Old stockbrokers must be spluttering into their gin with amazement as they watch the ACCC’s cartel case against ANZ Bank, Deutsche and Citigroup over the bank’s $3 billion raising in August 2015.
Meanwhile, six high profile executives, including ANZ group treasurer Rick Moscati and a former head of Citigroup, face criminal charges laid by the Commonwealth director of Public Prosecutions in the next few days, with court hearings due to start on July 3.
The point of the case is that the ACCC believes the six indulged in cartel behaviour by declaring that the $2.5 billion institutional element of the issue had been “raised” when in fact the underwriters were still carrying 25.5 million shares out of the 80.8 million on offer, because they hadn’t found takers for them.
“ANZ completes $2.5billion Institutional Equity Placement” was the deathless heading on the announcement sent to the ASX on the morning of Friday August 7 2015.
That, ladies and gentlemen, is what has happened since time immemorial in the share broking business in the case of a rapid institutional placement, which is what this was. The two key words you need to remember are Underwriting and Shortfall.
An extra curiosity is that a third underwriter, JP Morgan, appears to have been given a free pass because it reported the other three, including its long term client ANZ, to the ACCC. Something has clearly changed in the way that underwriting shortfalls are being perceived.
The old hands can see with adamantine clarity what happened: the underwriters were left with the stock because at $30.95 it was not being offered at much of a discount to the previous close of $32.58, five per cent to be precise.
The standard wheeze for fund managers is to pick up stock in a placement at a better discount than that, sell off an equivalent number at market and then chalk up the capital gain. That didn’t happen here because the issuers were being so mean with the pricing that the usual exercise wasn’t worth it.
But has there been a dastardly crime committed? That’s up to the legal process but what we are really looking at here is a test case, because until now no one has ever seriously challenged the way underwriting has historically worked.
As with the production of sausages, it has long been the case with failed share issues that you are really better off not knowing the intimate details of what goes on behind the scenes.
What has invariably happened in the past is that if the raising is not going to plan, the various underwriters have got together and decided their strategy for offloading the shares without upsetting the market.
In this instance it looks as though they dumped the stock as soon as they could once a trading halt was lifted on the morning of Friday August 7.
The 25.5 million shares were probably part of the 32 million that went through the ASX on that day, pushing the stock price down to $30.14, which was 81 cents below the issue price and a whopping $2.44 or 7.4 per cent below the previous close, on August 6 of 2015.

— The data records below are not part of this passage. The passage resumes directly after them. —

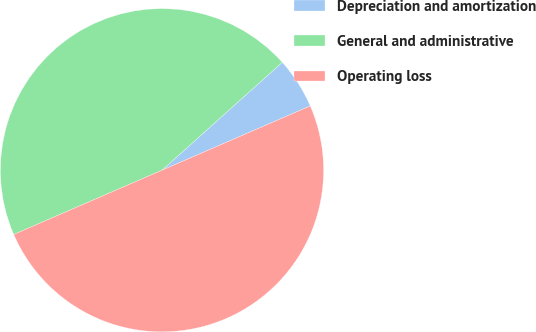<chart> <loc_0><loc_0><loc_500><loc_500><pie_chart><fcel>Depreciation and amortization<fcel>General and administrative<fcel>Operating loss<nl><fcel>5.13%<fcel>44.87%<fcel>50.0%<nl></chart> 
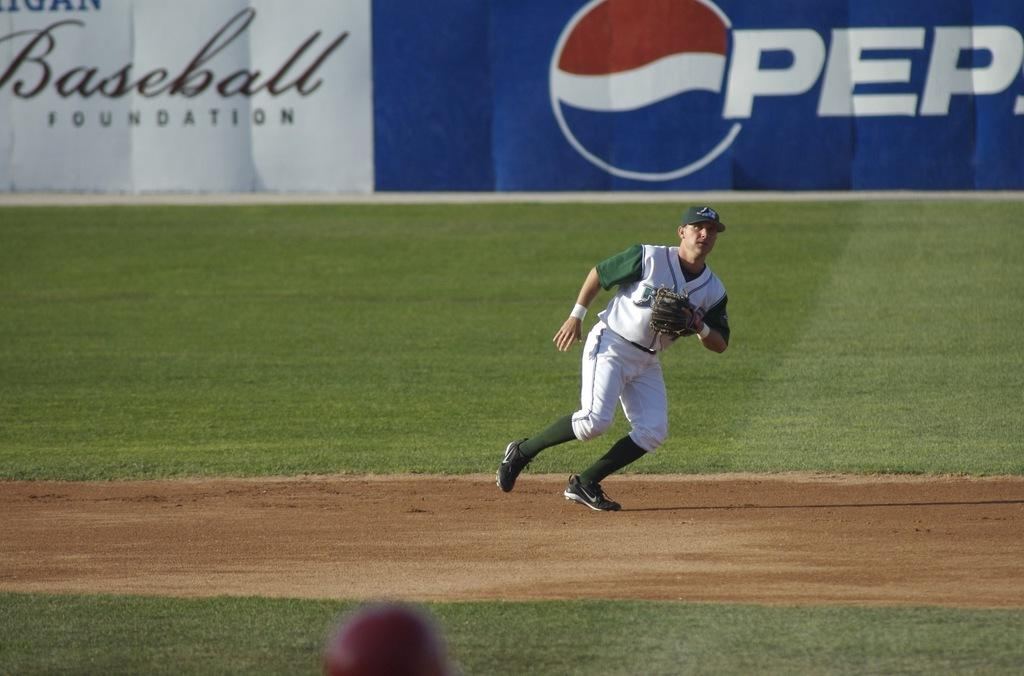Provide a one-sentence caption for the provided image. Both Pepsi and The Baseball Foundation have bought ad space at the sidelines of this baseball field. 
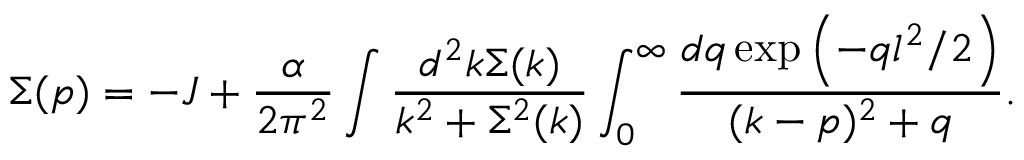Convert formula to latex. <formula><loc_0><loc_0><loc_500><loc_500>\Sigma ( p ) = - J + \frac { \alpha } { 2 \pi ^ { 2 } } \int \frac { d ^ { 2 } k \Sigma ( k ) } { k ^ { 2 } + \Sigma ^ { 2 } ( k ) } \int _ { 0 } ^ { \infty } \frac { d q \exp \left ( - q l ^ { 2 } / 2 \right ) } { ( k - p ) ^ { 2 } + q } .</formula> 
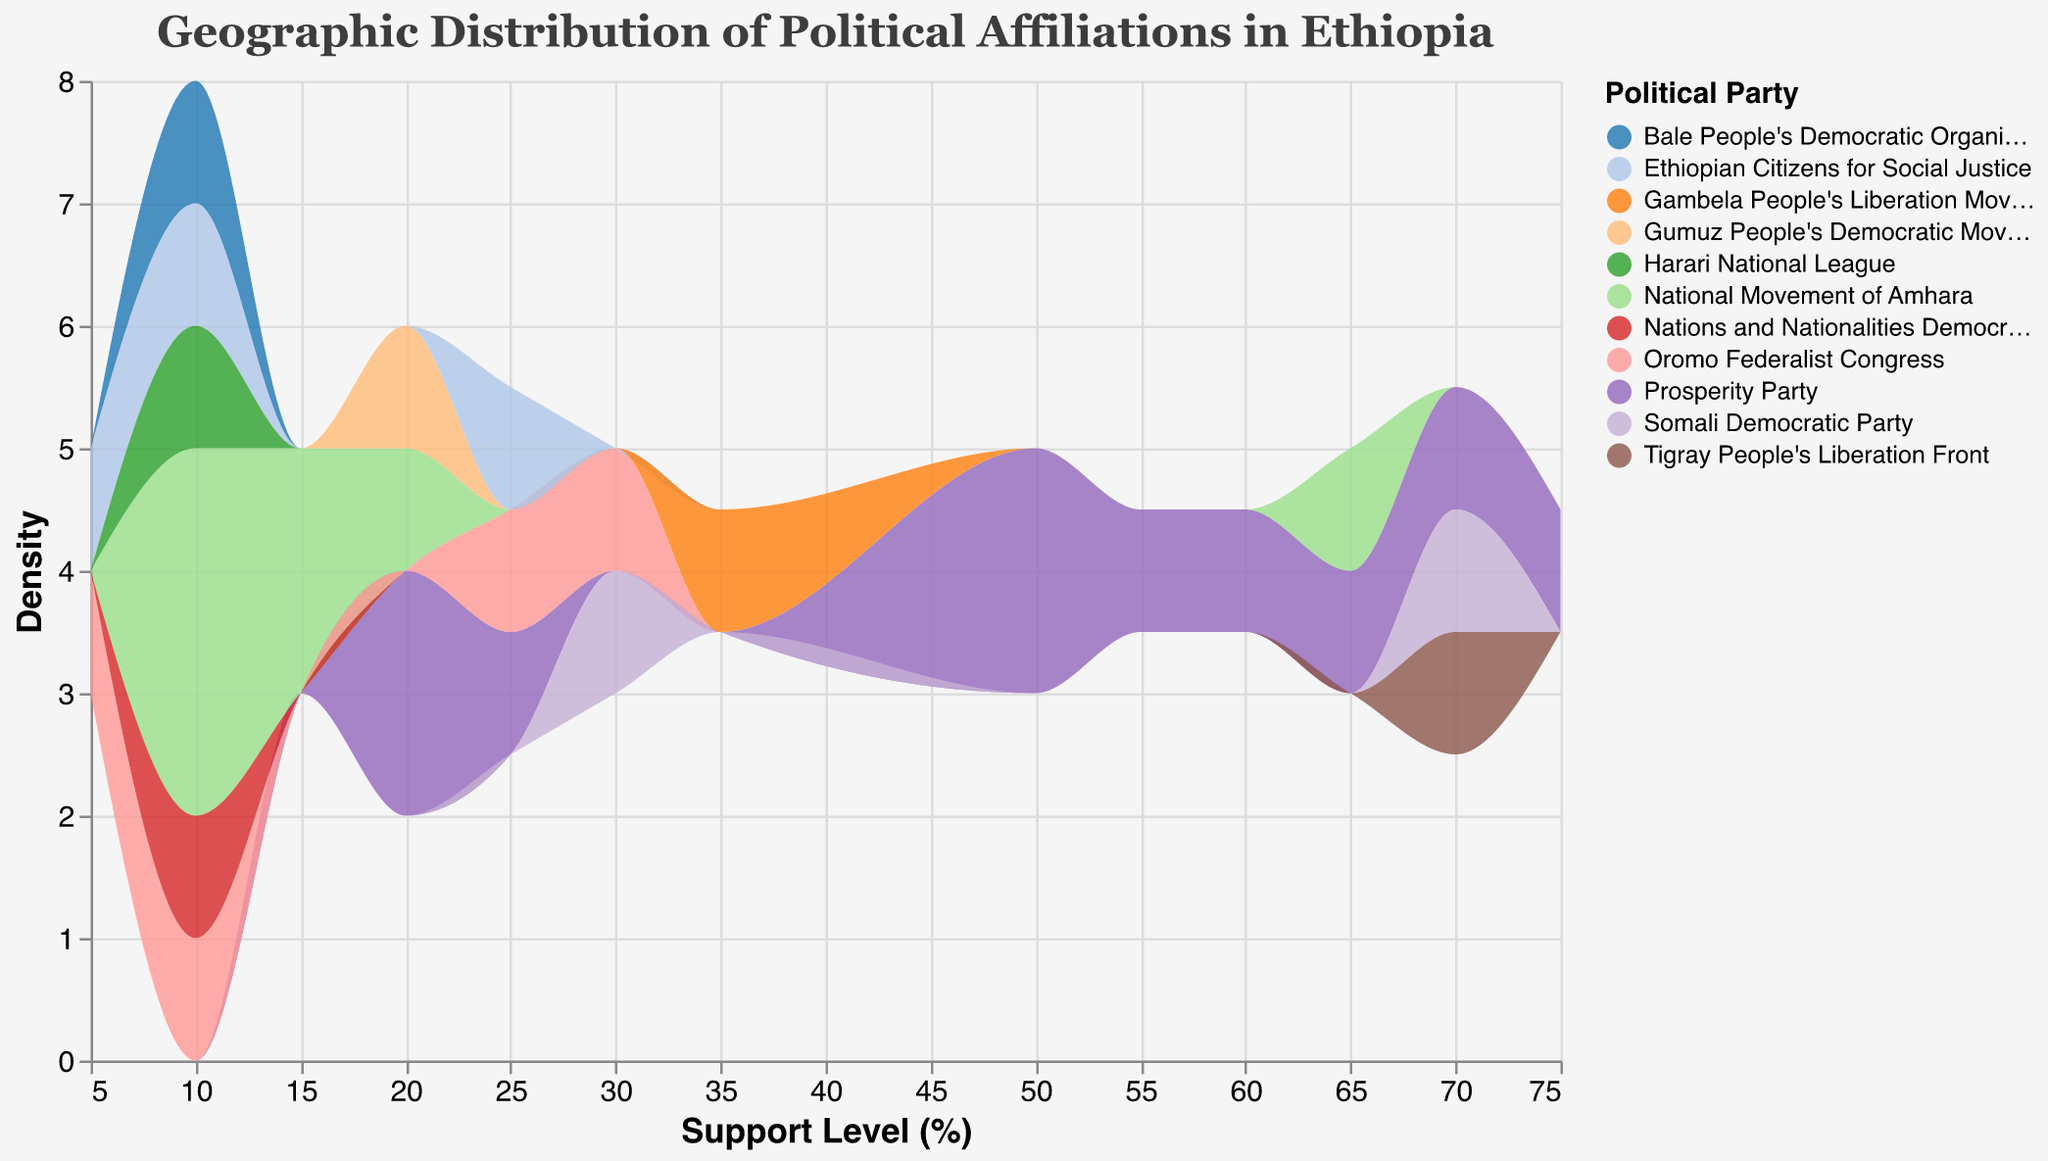What is the title of the plot? The title of the plot is clearly stated at the top of the figure.
Answer: Geographic Distribution of Political Affiliations in Ethiopia Which political party has the highest density of support across all regions? By looking at the areas under the density curves, the political party with the largest area would have the highest density of support.
Answer: Prosperity Party What support level has the highest density for the National Movement of Amhara? Examine the density curve's peak for the National Movement of Amhara's color. The peak indicates the support level with the highest density.
Answer: 10% and 65% How does the support level of the Oromo Federalist Congress in Addis Ababa compare to Oromia? Look at the support levels listed for the Oromo Federalist Congress in both regions and compare them.
Answer: Higher in Oromia Among the regions with data, which has the highest support level for the Prosperity Party? Look for the highest support level value for the Prosperity Party across different regions.
Answer: Addis Ababa (75%) Summarize the support levels of political parties in the Somali region. Identify the support levels for political parties in the Somali region from the data.
Answer: Somali Democratic Party (70%), Prosperity Party (20%), Ethiopian Citizens for Social Justice (10%) Which two political parties have the closest support levels in the Afar region? Identify the support levels of political parties in Afar and determine which two are closest.
Answer: Somali Democratic Party (30%) and National Movement of Amhara (20%) Compare the density of support levels between the Prosperity Party and the Ethiopian Citizens for Social Justice in Dire Dawa. Examine the density curves for these two parties in Dire Dawa.
Answer: Prosperity Party has higher density How does the support level distribution for the Gambela People's Liberation Movement compare to the Harari National League? Compare their respective density curves.
Answer: Gambela People's Liberation Movement has higher support What party has the majority support in the Tigray region? Identify the party with the highest percentage in Tigray from the data listing.
Answer: Tigray People's Liberation Front (70%)

When the word cartel comes up for discussion around financial markets, most people think back to the Visy-Amcor case, where the two packaging companies were forced to cough up $95 million in March 2011 after admitting to the ACCC that they had collaborated illegally between 2000 and 2004 not to compete on customers, and to push prices up. In that instance Visy copped most of the penalty, as it was Amcor that fessed up.
It was all based on a quiet lunchtime chat between Visy founder Richard Pratt and Amcor CEO Russell Jones at a pub in Richmond, Melbourne, in 2001.
Unlike the uncontested Visy case, this one is understood to have featured a very un-private video meeting involving ANZ, Deutsche, Citi and JP Morgan, no doubt discussing how to manage the shortfall without cruelling the share price.
The six named defendants are all planning to plead not guilty.
So we can look forward to the public spectacle of the irresistible force of the Rod Sims’ ACCC meeting the immovable object of the traditional underwriting process.
In the ACCC corner, the law says that if different organisations act in concert to control the price of a good or service, then that’s cartel behaviour.
In the investment banking corner, they would say that this is how underwriting sometimes has to work. In such instances, if the underwriters fess up with full transparency to the existence of a shortfall, the stock price goes into a dive, so instead they are compelled to hold the stock and tell the market the issue is done and dusted.
Which it sort of was. That announcement to the ASX was probably legally correct, since the underwriters did indeed own the stock. What’s clear in this case is that the entire market knew the investment banks were long the stock.
While a leak is always a possibility to explain why word got out, the more prosaic explanation comes from the fact that the deal was done as an “accelerated book-build” with a floor price of $30.95. And as soon as the ANZ said the deal had been done at that price, wise heads would have known that demand for the issue had never got off the $30.95 launching pad. Any serious demand for stock would have pushed the book build price upwards from there, but it didn’t happen.
Conclusion? We’re in new territory here. Underwriting has always been a cloak and dagger business in which the full facts seldom get an early airing unless an issue has gone off well.
But if the ACCC gets its scalps on this one and traditional methods of quick equity raising become outlawed, how else will it be possible to stage a quick-fire institutional placement in the future?
What is concerning is that such a question is of no concern either to the ACCC or the legal system, even though it is the bedrock of what we now seem to call the investment banking industry. That is a real worry.